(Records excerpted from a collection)

◆ ◆ ◆ ◆ ◆ ◆ ◆

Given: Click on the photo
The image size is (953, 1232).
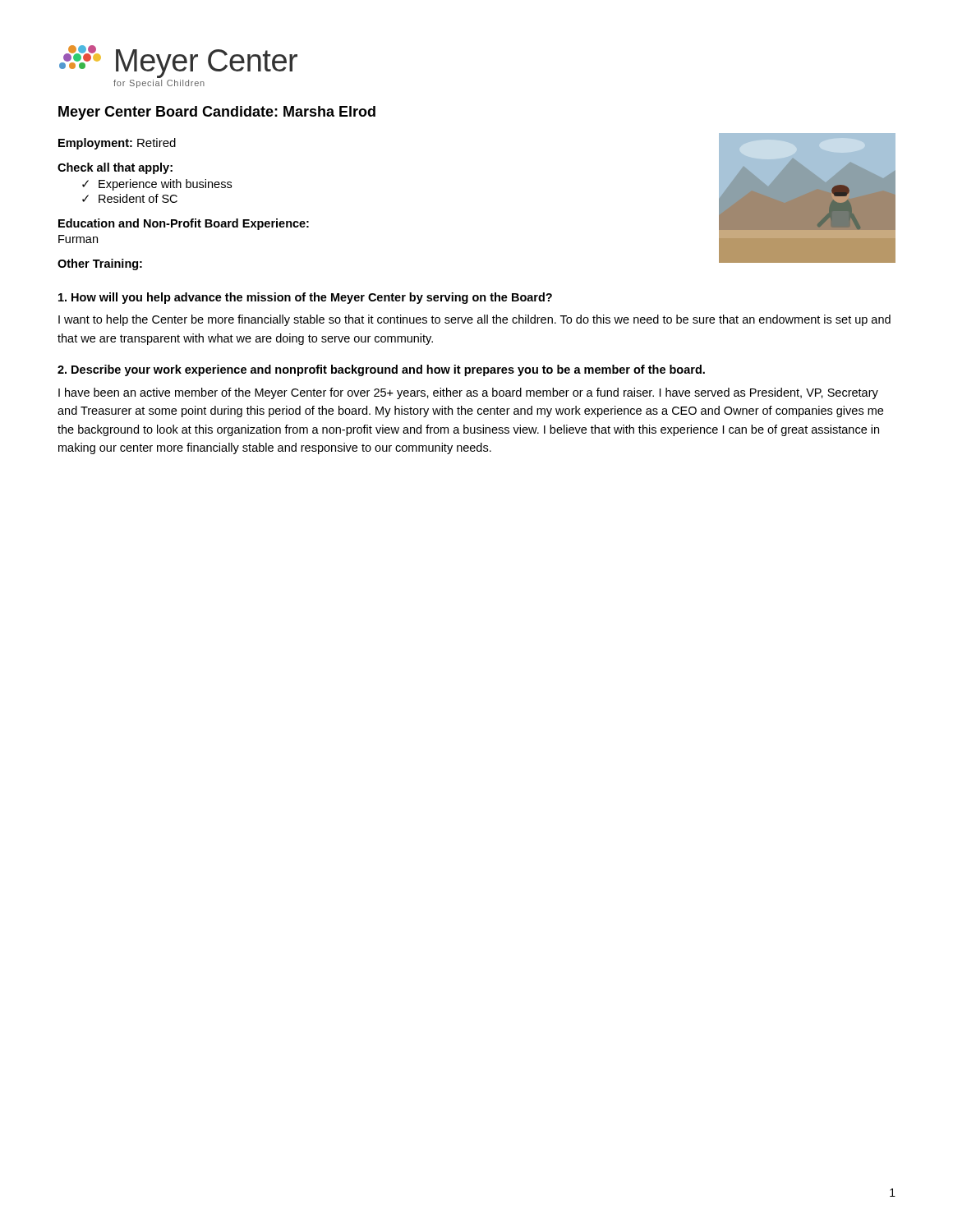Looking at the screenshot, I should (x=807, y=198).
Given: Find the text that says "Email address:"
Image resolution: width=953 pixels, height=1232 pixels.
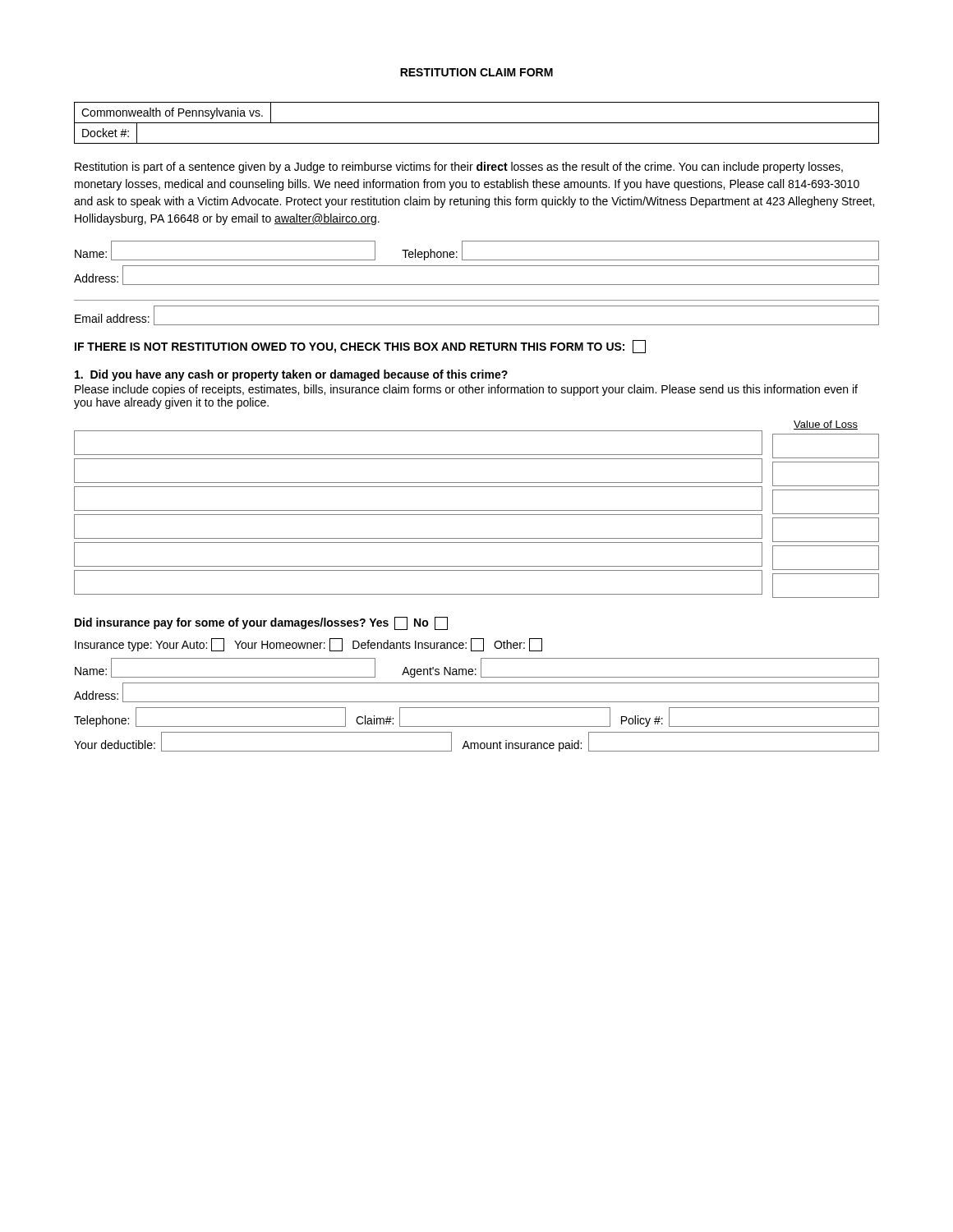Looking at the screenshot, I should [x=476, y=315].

◆ ◆ ◆ ◆ ◆ ◆ ◆

## What the task requires
Leave out the pictures and repeat exactly the lines from the one containing "The image size is (953, 1232)." through the last line of the entries.

## Answer for the task
The image size is (953, 1232).
Looking at the screenshot, I should (x=807, y=198).
Given: Find the text that says "Email address:"
Image resolution: width=953 pixels, height=1232 pixels.
Looking at the screenshot, I should [x=476, y=315].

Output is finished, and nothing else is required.